### Records supplied:
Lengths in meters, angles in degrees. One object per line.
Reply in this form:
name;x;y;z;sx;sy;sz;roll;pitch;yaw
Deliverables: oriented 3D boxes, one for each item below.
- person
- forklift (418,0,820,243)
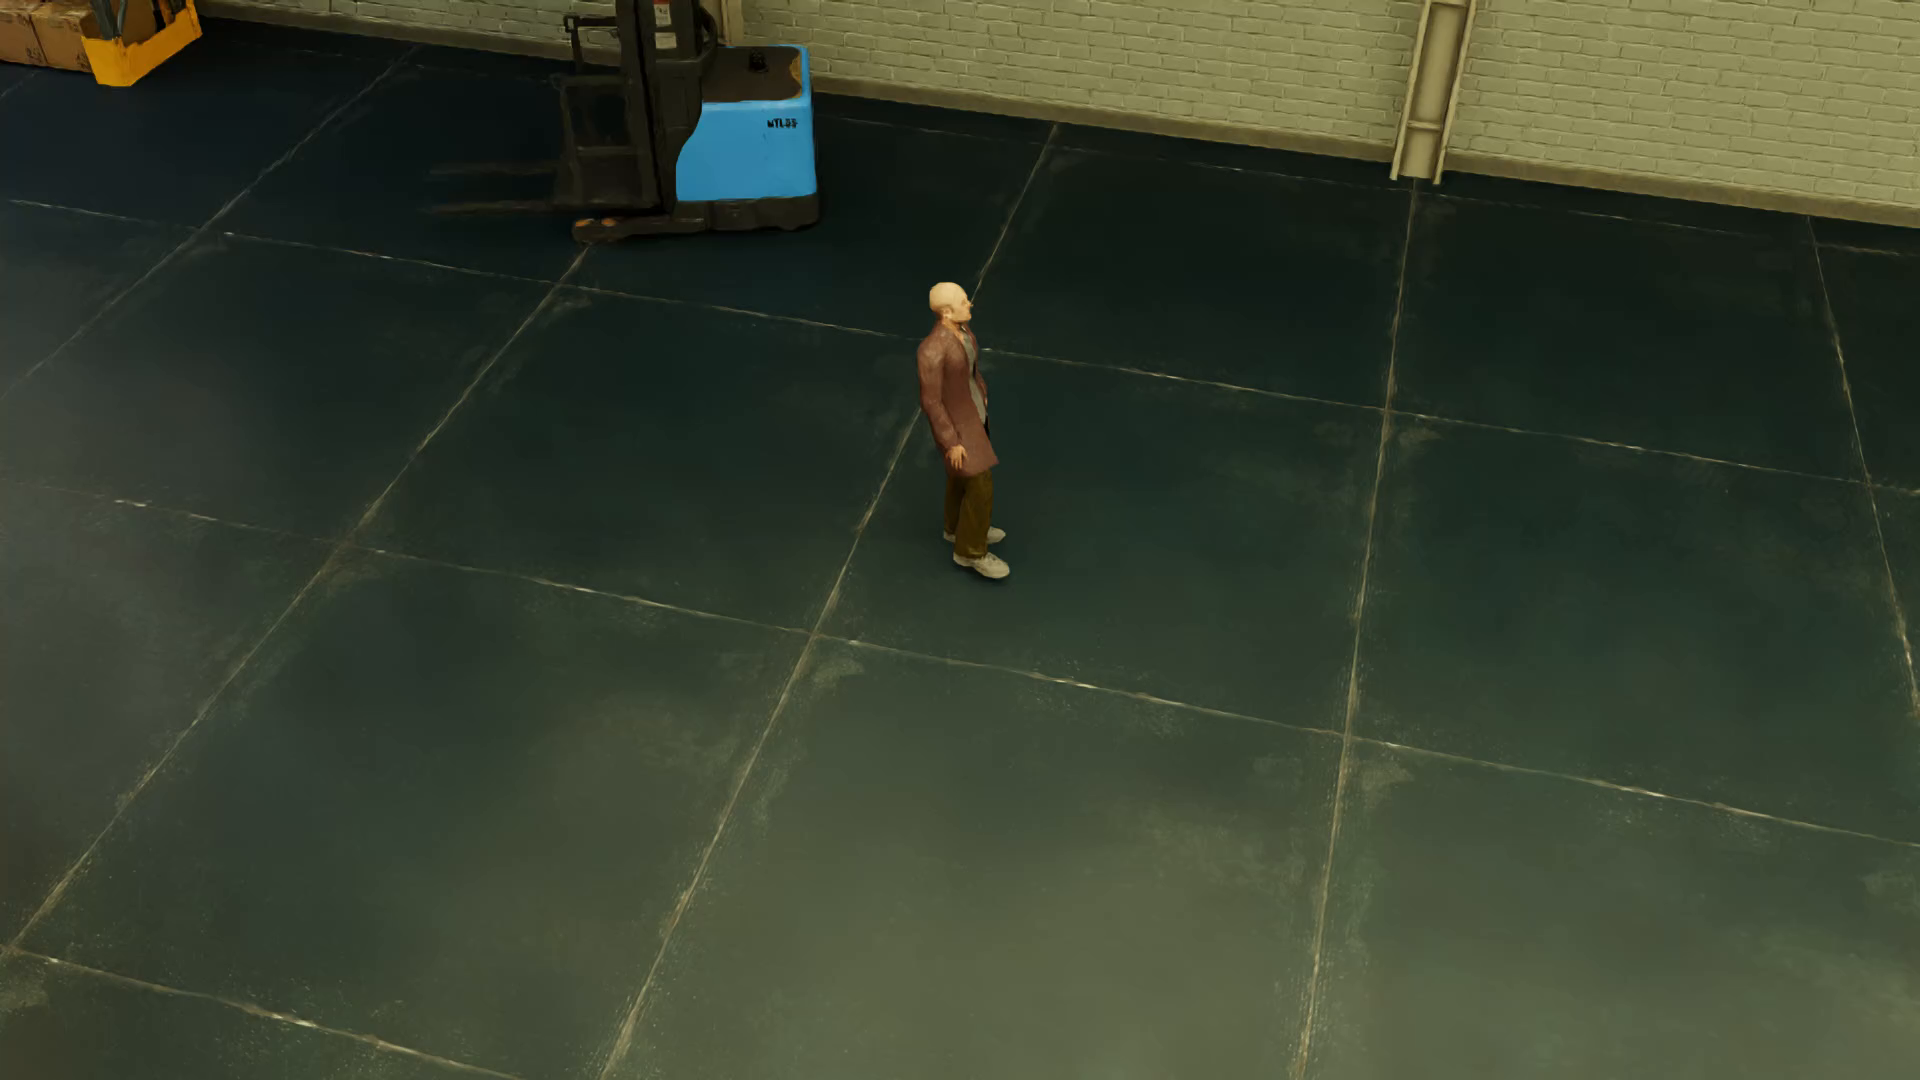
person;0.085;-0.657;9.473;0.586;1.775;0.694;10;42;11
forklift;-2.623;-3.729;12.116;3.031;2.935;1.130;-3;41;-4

...

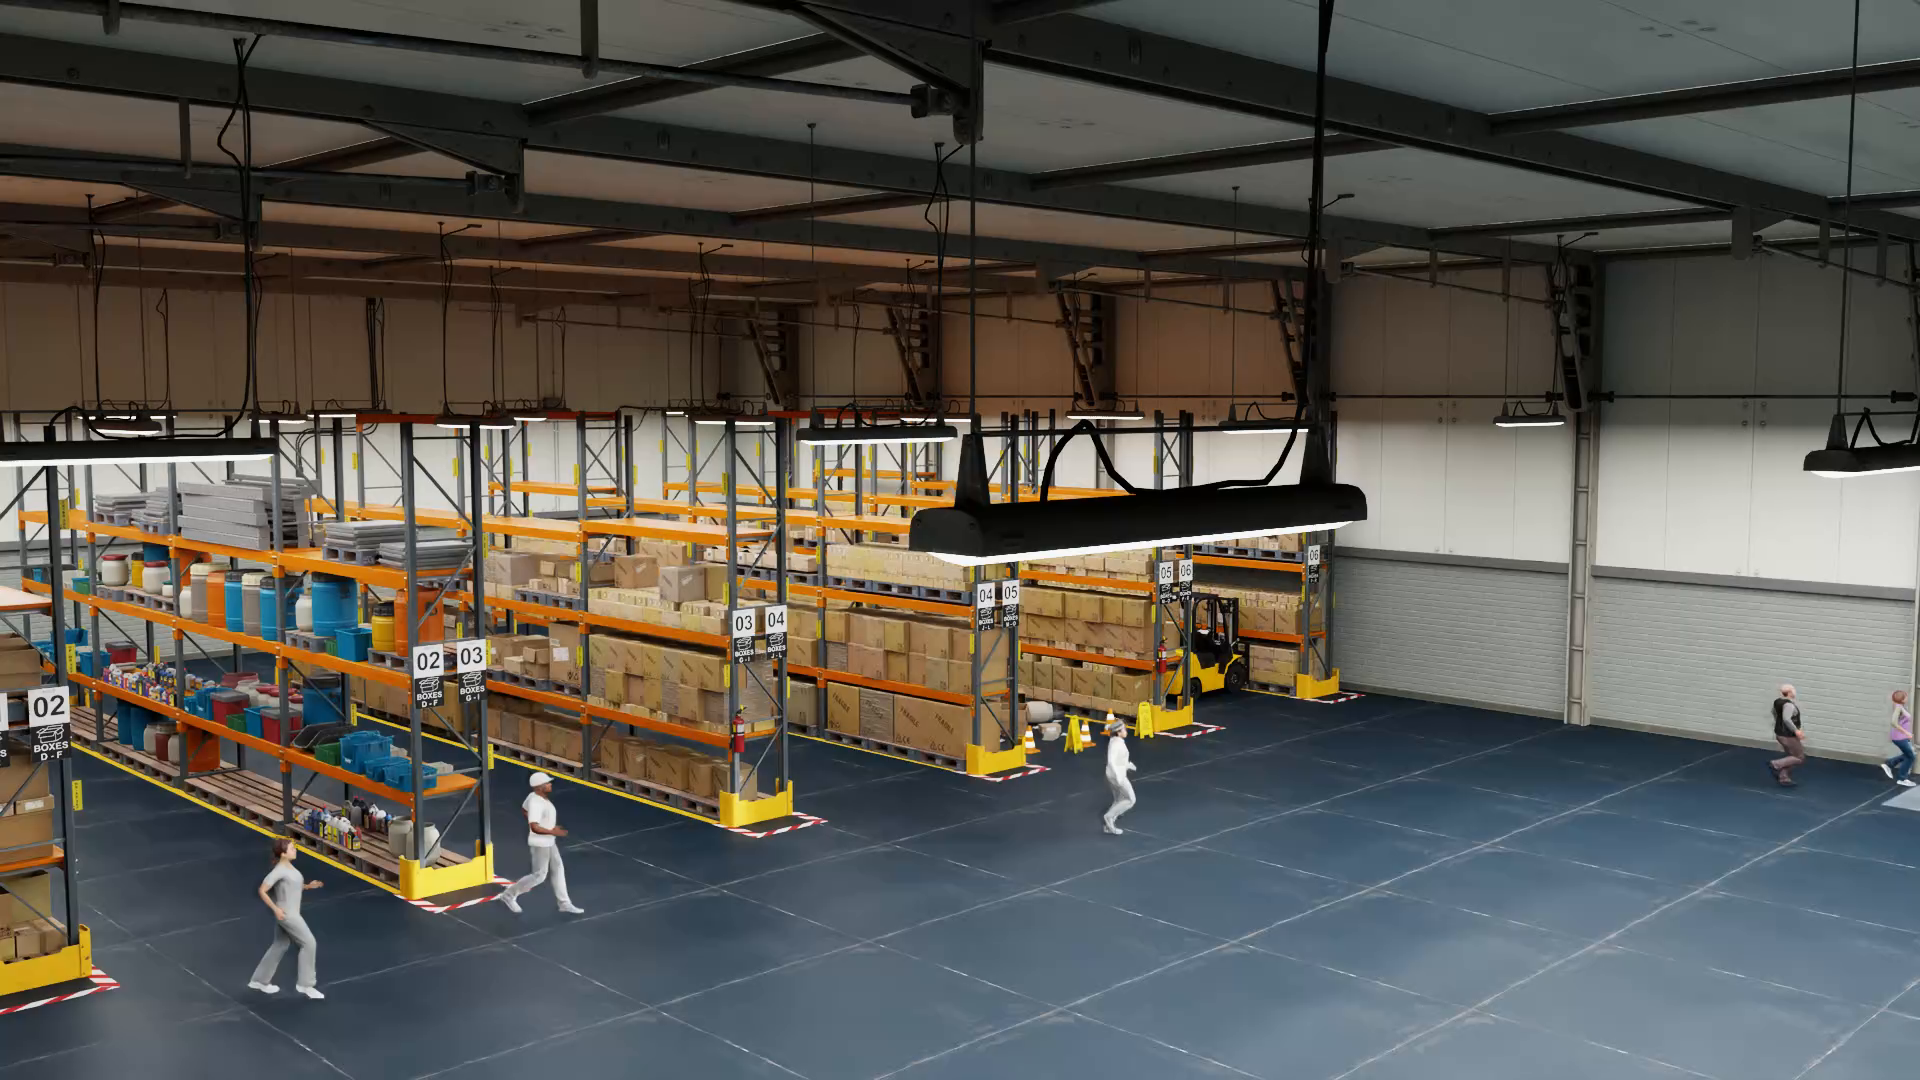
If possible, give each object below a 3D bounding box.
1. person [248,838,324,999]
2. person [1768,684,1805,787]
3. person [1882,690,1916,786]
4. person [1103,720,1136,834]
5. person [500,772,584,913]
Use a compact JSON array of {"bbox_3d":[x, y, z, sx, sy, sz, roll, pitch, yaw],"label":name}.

### Task to complete:
Above are some lines. Repeat exactly, and only, those from the line that has "1. person [248,838,324,999]" through the line that has "Use a compact".

### Your response:
1. person [248,838,324,999]
2. person [1768,684,1805,787]
3. person [1882,690,1916,786]
4. person [1103,720,1136,834]
5. person [500,772,584,913]
Use a compact JSON array of {"bbox_3d":[x, y, z, sx, sy, sz, roll, pitch, yaw],"label":name}.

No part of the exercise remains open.